■ Work to complete: Could you please retype exactly the lines from the start of the records below through the line that contains "maximum contributing female family workers?", both included, and leave out the pictures?

■ Supplied material:

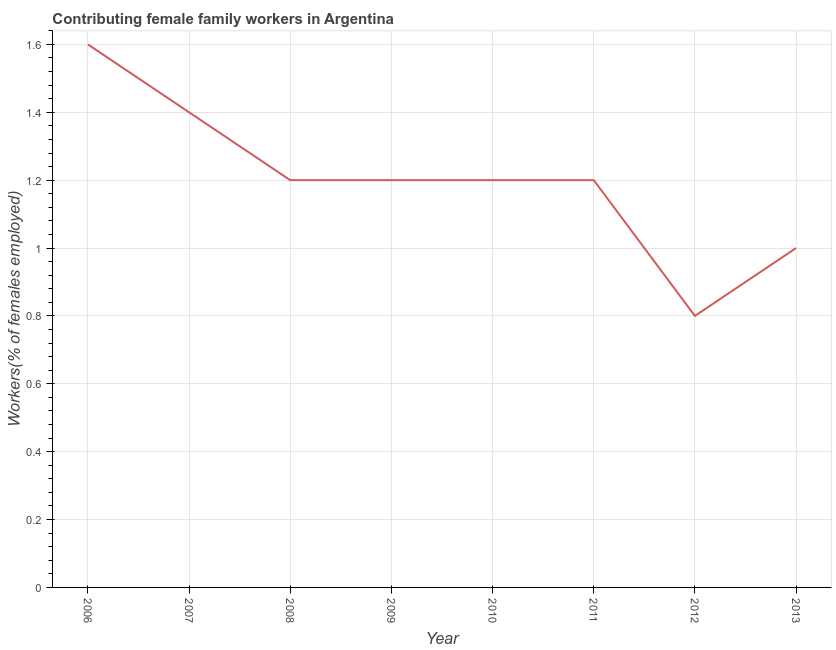What is the contributing female family workers in 2013?
Ensure brevity in your answer.  1. Across all years, what is the maximum contributing female family workers?
Make the answer very short. 1.6. Across all years, what is the minimum contributing female family workers?
Your answer should be very brief. 0.8. In which year was the contributing female family workers maximum?
Your answer should be compact. 2006. What is the sum of the contributing female family workers?
Your response must be concise. 9.6. What is the difference between the contributing female family workers in 2006 and 2010?
Provide a succinct answer. 0.4. What is the average contributing female family workers per year?
Provide a succinct answer. 1.2. What is the median contributing female family workers?
Make the answer very short. 1.2. In how many years, is the contributing female family workers greater than 1.04 %?
Offer a very short reply. 6. Do a majority of the years between 2007 and 2008 (inclusive) have contributing female family workers greater than 0.56 %?
Provide a short and direct response. Yes. What is the ratio of the contributing female family workers in 2008 to that in 2011?
Ensure brevity in your answer.  1. What is the difference between the highest and the second highest contributing female family workers?
Ensure brevity in your answer.  0.2. Is the sum of the contributing female family workers in 2009 and 2013 greater than the maximum contributing female family workers across all years?
Make the answer very short. Yes. What is the difference between the highest and the lowest contributing female family workers?
Ensure brevity in your answer.  0.8. In how many years, is the contributing female family workers greater than the average contributing female family workers taken over all years?
Keep it short and to the point. 6. Does the contributing female family workers monotonically increase over the years?
Your response must be concise. No. How many years are there in the graph?
Provide a short and direct response. 8. What is the difference between two consecutive major ticks on the Y-axis?
Keep it short and to the point. 0.2. Are the values on the major ticks of Y-axis written in scientific E-notation?
Offer a terse response. No. Does the graph contain any zero values?
Offer a very short reply. No. What is the title of the graph?
Ensure brevity in your answer.  Contributing female family workers in Argentina. What is the label or title of the X-axis?
Keep it short and to the point. Year. What is the label or title of the Y-axis?
Your answer should be very brief. Workers(% of females employed). What is the Workers(% of females employed) of 2006?
Provide a short and direct response. 1.6. What is the Workers(% of females employed) of 2007?
Offer a terse response. 1.4. What is the Workers(% of females employed) of 2008?
Provide a short and direct response. 1.2. What is the Workers(% of females employed) of 2009?
Your response must be concise. 1.2. What is the Workers(% of females employed) in 2010?
Your answer should be compact. 1.2. What is the Workers(% of females employed) of 2011?
Ensure brevity in your answer.  1.2. What is the Workers(% of females employed) of 2012?
Your answer should be very brief. 0.8. What is the Workers(% of females employed) of 2013?
Your answer should be very brief. 1. What is the difference between the Workers(% of females employed) in 2006 and 2009?
Keep it short and to the point. 0.4. What is the difference between the Workers(% of females employed) in 2006 and 2011?
Provide a succinct answer. 0.4. What is the difference between the Workers(% of females employed) in 2006 and 2012?
Provide a short and direct response. 0.8. What is the difference between the Workers(% of females employed) in 2006 and 2013?
Ensure brevity in your answer.  0.6. What is the difference between the Workers(% of females employed) in 2007 and 2011?
Provide a short and direct response. 0.2. What is the difference between the Workers(% of females employed) in 2007 and 2012?
Provide a succinct answer. 0.6. What is the difference between the Workers(% of females employed) in 2008 and 2009?
Offer a very short reply. 0. What is the difference between the Workers(% of females employed) in 2008 and 2010?
Keep it short and to the point. 0. What is the difference between the Workers(% of females employed) in 2008 and 2012?
Provide a succinct answer. 0.4. What is the difference between the Workers(% of females employed) in 2009 and 2010?
Your answer should be very brief. 0. What is the difference between the Workers(% of females employed) in 2009 and 2011?
Give a very brief answer. 0. What is the difference between the Workers(% of females employed) in 2009 and 2012?
Your answer should be compact. 0.4. What is the difference between the Workers(% of females employed) in 2009 and 2013?
Your answer should be very brief. 0.2. What is the difference between the Workers(% of females employed) in 2010 and 2012?
Your answer should be compact. 0.4. What is the difference between the Workers(% of females employed) in 2010 and 2013?
Your answer should be compact. 0.2. What is the difference between the Workers(% of females employed) in 2011 and 2012?
Ensure brevity in your answer.  0.4. What is the difference between the Workers(% of females employed) in 2012 and 2013?
Provide a succinct answer. -0.2. What is the ratio of the Workers(% of females employed) in 2006 to that in 2007?
Give a very brief answer. 1.14. What is the ratio of the Workers(% of females employed) in 2006 to that in 2008?
Keep it short and to the point. 1.33. What is the ratio of the Workers(% of females employed) in 2006 to that in 2009?
Offer a terse response. 1.33. What is the ratio of the Workers(% of females employed) in 2006 to that in 2010?
Your response must be concise. 1.33. What is the ratio of the Workers(% of females employed) in 2006 to that in 2011?
Your answer should be compact. 1.33. What is the ratio of the Workers(% of females employed) in 2006 to that in 2013?
Give a very brief answer. 1.6. What is the ratio of the Workers(% of females employed) in 2007 to that in 2008?
Your response must be concise. 1.17. What is the ratio of the Workers(% of females employed) in 2007 to that in 2009?
Your response must be concise. 1.17. What is the ratio of the Workers(% of females employed) in 2007 to that in 2010?
Ensure brevity in your answer.  1.17. What is the ratio of the Workers(% of females employed) in 2007 to that in 2011?
Your answer should be compact. 1.17. What is the ratio of the Workers(% of females employed) in 2007 to that in 2013?
Provide a short and direct response. 1.4. What is the ratio of the Workers(% of females employed) in 2008 to that in 2011?
Offer a very short reply. 1. What is the ratio of the Workers(% of females employed) in 2008 to that in 2013?
Make the answer very short. 1.2. What is the ratio of the Workers(% of females employed) in 2009 to that in 2010?
Provide a succinct answer. 1. What is the ratio of the Workers(% of females employed) in 2009 to that in 2012?
Keep it short and to the point. 1.5. What is the ratio of the Workers(% of females employed) in 2010 to that in 2011?
Keep it short and to the point. 1. What is the ratio of the Workers(% of females employed) in 2011 to that in 2012?
Make the answer very short. 1.5. What is the ratio of the Workers(% of females employed) in 2011 to that in 2013?
Provide a short and direct response. 1.2.

■ Output of the exercise:
What is the contributing female family workers in 2013?
Ensure brevity in your answer.  1. Across all years, what is the maximum contributing female family workers?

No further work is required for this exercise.